5 - Darüber hinaus sieht sich der BUND auch der Umwelt und des Klimas verpflichtet und hat bei seiner Abwägung, nicht mehr gegen die Genehmigungen des Windpark Fürfeld vorzugehen, neben den naturschutzfachlichen Aspekten weitere Aspekte einbezogen. Der Entscheidung des Landesvorstandes war eine Abwägung aller Gesamtumstände vorausgegangen, zu der auch naturschutzfachliche Aspekte gehörten. Allerdings hatte die Genehmigungsbehörde in den neueren Gutachten erheblich nachgebessert, so dass eine rechtsfehlerhafte umweltrechtliche Prüfung nicht mehr offensichtlich war, vielmehr die neueren Gutachten, die bislang nach meiner Kenntnis nicht einer gerichtlichen Prüfung unterlagen, mittragungsfähig waren.
6 – Harry Neumann als Naturschützer war leider nicht bereit, eine alle Gesamtumstände betreffende Abwägung und demokratisch getroffene Entscheidungen mitzutragen. Dies aber wäre seine Aufgabe als Landesvorsitzender des BUND Rheinland-Pfalz gewesen.

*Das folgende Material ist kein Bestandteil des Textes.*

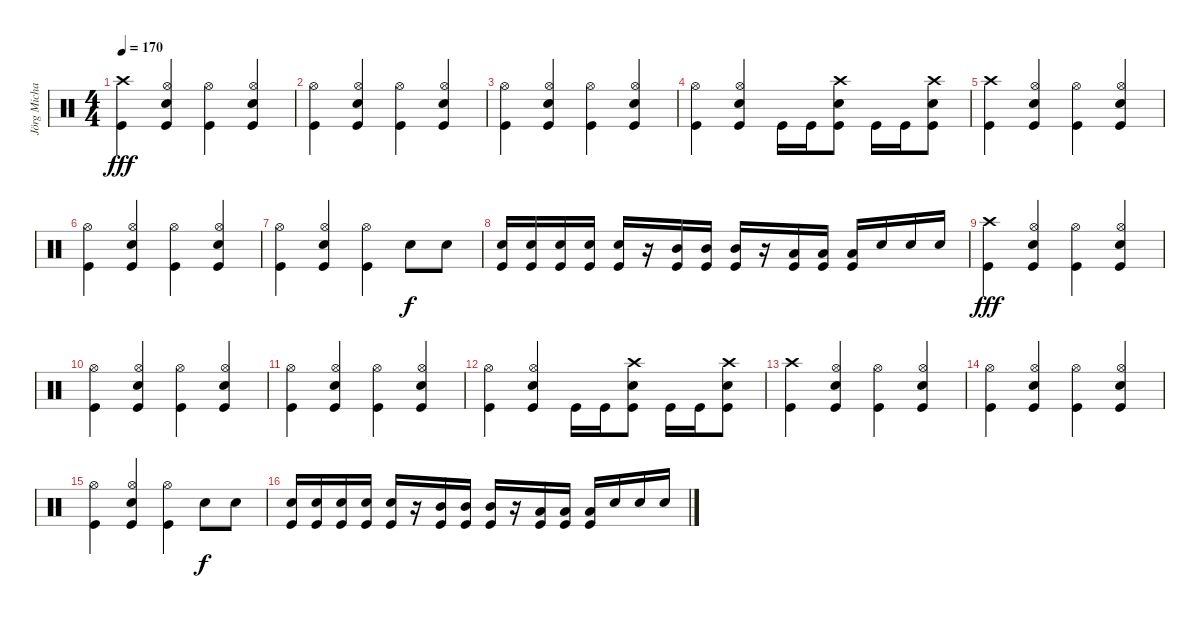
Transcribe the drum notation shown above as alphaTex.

Er hätte seine private Auffassung von der in einem demokratischen Prozess ermittelten Auffassung des BUND trennen müssen. Harry Neumann ist durch seinen Rücktritt seiner gesicherten Abwahl während der Sonderdelegiertenkonferenz im Dezember 2014 zuvorgekommen. Dem verbleibenden Vorstand wurde dort mit überwältigender Mehrheit das Vertrauen ausgesprochen. Damit hat die Delegiertenversammlung auch die Entscheidung des Landesvorstandes zu Fürfeld, nicht weiter den Rechtsweg zu beschreiten, mit gleicher überwältigender Mehrheit mitgetragen.
All jene, die Fehler in dieser Landesvorstandsentscheidung suchen, scheinen nicht bereit zu sein, die demokratisch gefundenen Mehrheiten zu akzeptieren. An diesen Mehrheiten ändern aber auch umfangreiche Pressekampagnen mit ehrverletzendem Charakter nichts.
7 – Eine „Verbandelung“ von Vorstandsmitgliedern mit der „Windenergie“, was wohl bedeuten soll, mit der Windenergieindustrie, gibt es nicht. Dies wurde bereits mehrfach erläutert.
Schlussendlich werden Behauptungen dadurch, dass sie immer wieder erneut veröffentlicht werden, in ihrem vermeintlichen Wahrheitsgehalt weder begründet noch erhöht.